--- RECORDS PROVIDED ---
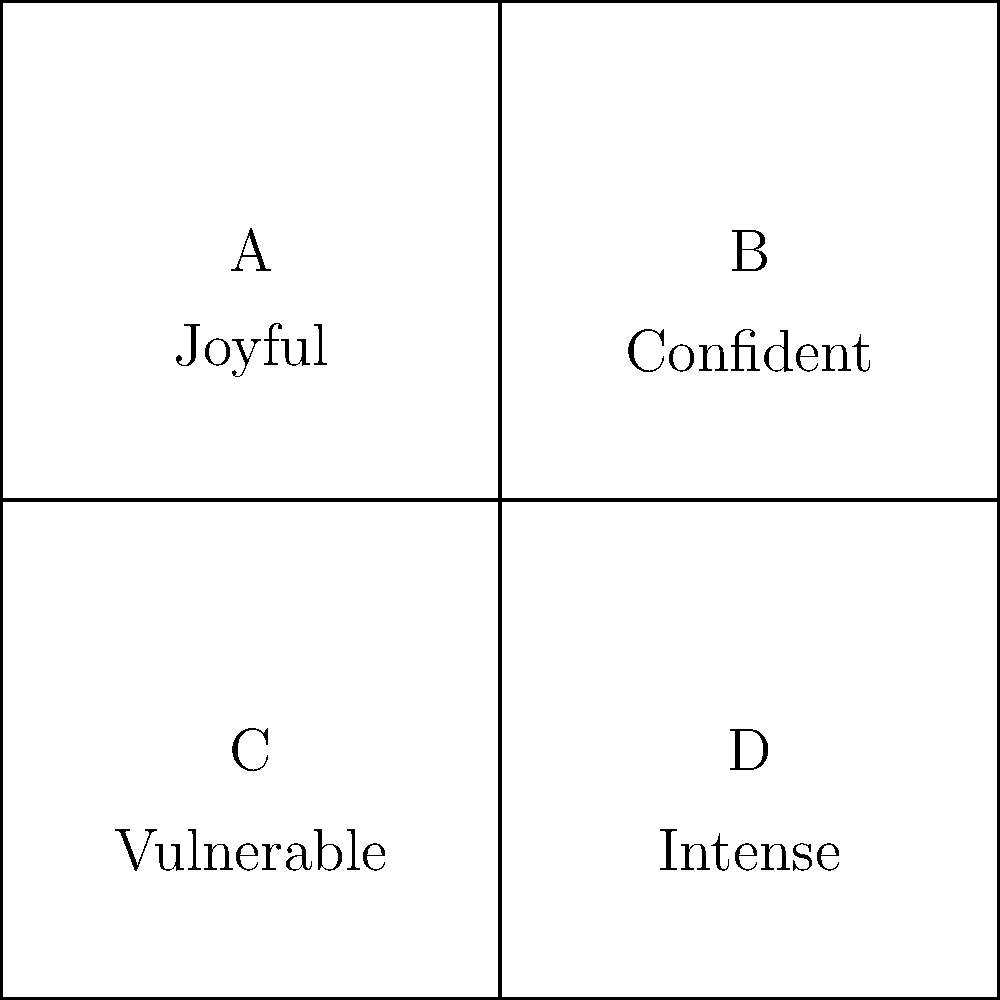As a theater industry influencer, you're reviewing headshots of aspiring actors. Based on the emotional expressions depicted in the grid above, which combination would you recommend for an actor auditioning for a complex role that requires both strength and sensitivity? To answer this question, we need to analyze the emotional expressions presented in each headshot and determine which combination best represents both strength and sensitivity. Let's break it down step-by-step:

1. Examine each headshot:
   A: Joyful - This expression conveys positivity but doesn't directly relate to strength or sensitivity.
   B: Confident - This expression relates to strength.
   C: Vulnerable - This expression relates to sensitivity.
   D: Intense - This expression could relate to strength, depending on the context.

2. Identify the requirements for the role:
   - Strength: Often associated with confidence and intensity.
   - Sensitivity: Often associated with vulnerability and emotional openness.

3. Determine the best combination:
   - We need one expression that conveys strength and one that conveys sensitivity.
   - The most suitable combination would be B (Confident) and C (Vulnerable).

4. Justify the choice:
   - Confidence (B) demonstrates the actor's ability to portray strength.
   - Vulnerability (C) showcases the actor's capacity for sensitivity and emotional depth.
   - This combination suggests the actor can transition between these contrasting emotional states, which is crucial for a complex role.

5. Consider alternatives:
   - While D (Intense) could potentially represent strength, B (Confident) is a clearer indicator of this quality in the context of acting.
   - A (Joyful) doesn't directly contribute to the specific requirements of strength and sensitivity for this role.

Therefore, the best recommendation for an actor auditioning for a complex role requiring both strength and sensitivity would be the combination of headshots B and C.
Answer: B and C 
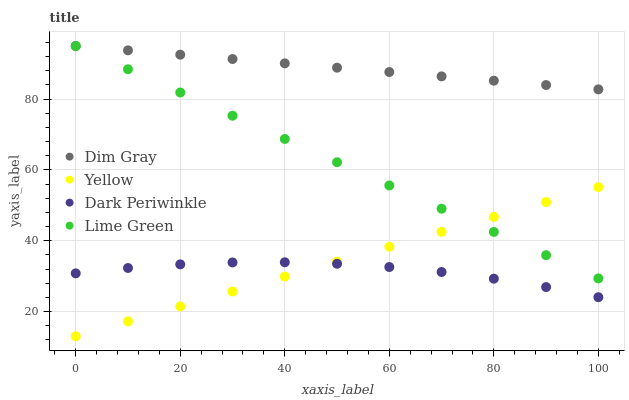Does Dark Periwinkle have the minimum area under the curve?
Answer yes or no. Yes. Does Dim Gray have the maximum area under the curve?
Answer yes or no. Yes. Does Lime Green have the minimum area under the curve?
Answer yes or no. No. Does Lime Green have the maximum area under the curve?
Answer yes or no. No. Is Yellow the smoothest?
Answer yes or no. Yes. Is Dark Periwinkle the roughest?
Answer yes or no. Yes. Is Lime Green the smoothest?
Answer yes or no. No. Is Lime Green the roughest?
Answer yes or no. No. Does Yellow have the lowest value?
Answer yes or no. Yes. Does Lime Green have the lowest value?
Answer yes or no. No. Does Lime Green have the highest value?
Answer yes or no. Yes. Does Dark Periwinkle have the highest value?
Answer yes or no. No. Is Dark Periwinkle less than Dim Gray?
Answer yes or no. Yes. Is Lime Green greater than Dark Periwinkle?
Answer yes or no. Yes. Does Lime Green intersect Yellow?
Answer yes or no. Yes. Is Lime Green less than Yellow?
Answer yes or no. No. Is Lime Green greater than Yellow?
Answer yes or no. No. Does Dark Periwinkle intersect Dim Gray?
Answer yes or no. No. 
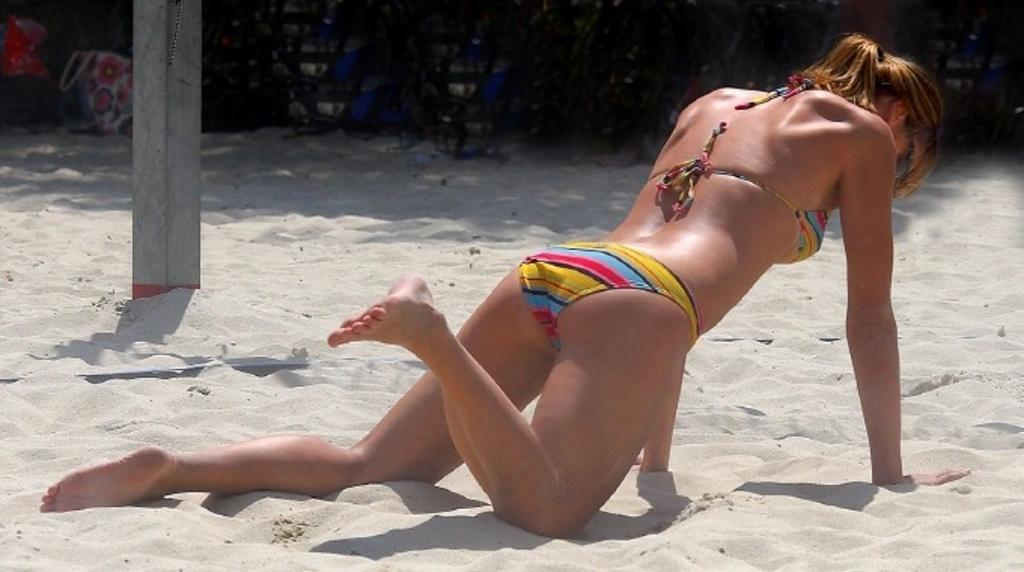Who is present in the image? There is a woman in the image. What is the woman standing on? The woman is on the sand. What can be seen in the background of the image? There are bags and a pole in the background of the image. What language is the bird speaking in the image? There is no bird present in the image, so it is not possible to determine what language it might be speaking.

--- YOUR ASSIGNMENT ---
Transcribe each of the records above precisely, with no pictures in the copy.

--- OUTPUT OF THE EXERCISE ---
As a theater industry influencer, you're reviewing headshots of aspiring actors. Based on the emotional expressions depicted in the grid above, which combination would you recommend for an actor auditioning for a complex role that requires both strength and sensitivity? To answer this question, we need to analyze the emotional expressions presented in each headshot and determine which combination best represents both strength and sensitivity. Let's break it down step-by-step:

1. Examine each headshot:
   A: Joyful - This expression conveys positivity but doesn't directly relate to strength or sensitivity.
   B: Confident - This expression relates to strength.
   C: Vulnerable - This expression relates to sensitivity.
   D: Intense - This expression could relate to strength, depending on the context.

2. Identify the requirements for the role:
   - Strength: Often associated with confidence and intensity.
   - Sensitivity: Often associated with vulnerability and emotional openness.

3. Determine the best combination:
   - We need one expression that conveys strength and one that conveys sensitivity.
   - The most suitable combination would be B (Confident) and C (Vulnerable).

4. Justify the choice:
   - Confidence (B) demonstrates the actor's ability to portray strength.
   - Vulnerability (C) showcases the actor's capacity for sensitivity and emotional depth.
   - This combination suggests the actor can transition between these contrasting emotional states, which is crucial for a complex role.

5. Consider alternatives:
   - While D (Intense) could potentially represent strength, B (Confident) is a clearer indicator of this quality in the context of acting.
   - A (Joyful) doesn't directly contribute to the specific requirements of strength and sensitivity for this role.

Therefore, the best recommendation for an actor auditioning for a complex role requiring both strength and sensitivity would be the combination of headshots B and C.
Answer: B and C 
Does Dark Periwinkle have the minimum area under the curve?
Answer yes or no. Yes. Does Dim Gray have the maximum area under the curve?
Answer yes or no. Yes. Does Lime Green have the minimum area under the curve?
Answer yes or no. No. Does Lime Green have the maximum area under the curve?
Answer yes or no. No. Is Yellow the smoothest?
Answer yes or no. Yes. Is Dark Periwinkle the roughest?
Answer yes or no. Yes. Is Lime Green the smoothest?
Answer yes or no. No. Is Lime Green the roughest?
Answer yes or no. No. Does Yellow have the lowest value?
Answer yes or no. Yes. Does Lime Green have the lowest value?
Answer yes or no. No. Does Lime Green have the highest value?
Answer yes or no. Yes. Does Dark Periwinkle have the highest value?
Answer yes or no. No. Is Dark Periwinkle less than Dim Gray?
Answer yes or no. Yes. Is Lime Green greater than Dark Periwinkle?
Answer yes or no. Yes. Does Lime Green intersect Yellow?
Answer yes or no. Yes. Is Lime Green less than Yellow?
Answer yes or no. No. Is Lime Green greater than Yellow?
Answer yes or no. No. Does Dark Periwinkle intersect Dim Gray?
Answer yes or no. No. 
Who is present in the image? There is a woman in the image. What is the woman standing on? The woman is on the sand. What can be seen in the background of the image? There are bags and a pole in the background of the image. What language is the bird speaking in the image? There is no bird present in the image, so it is not possible to determine what language it might be speaking.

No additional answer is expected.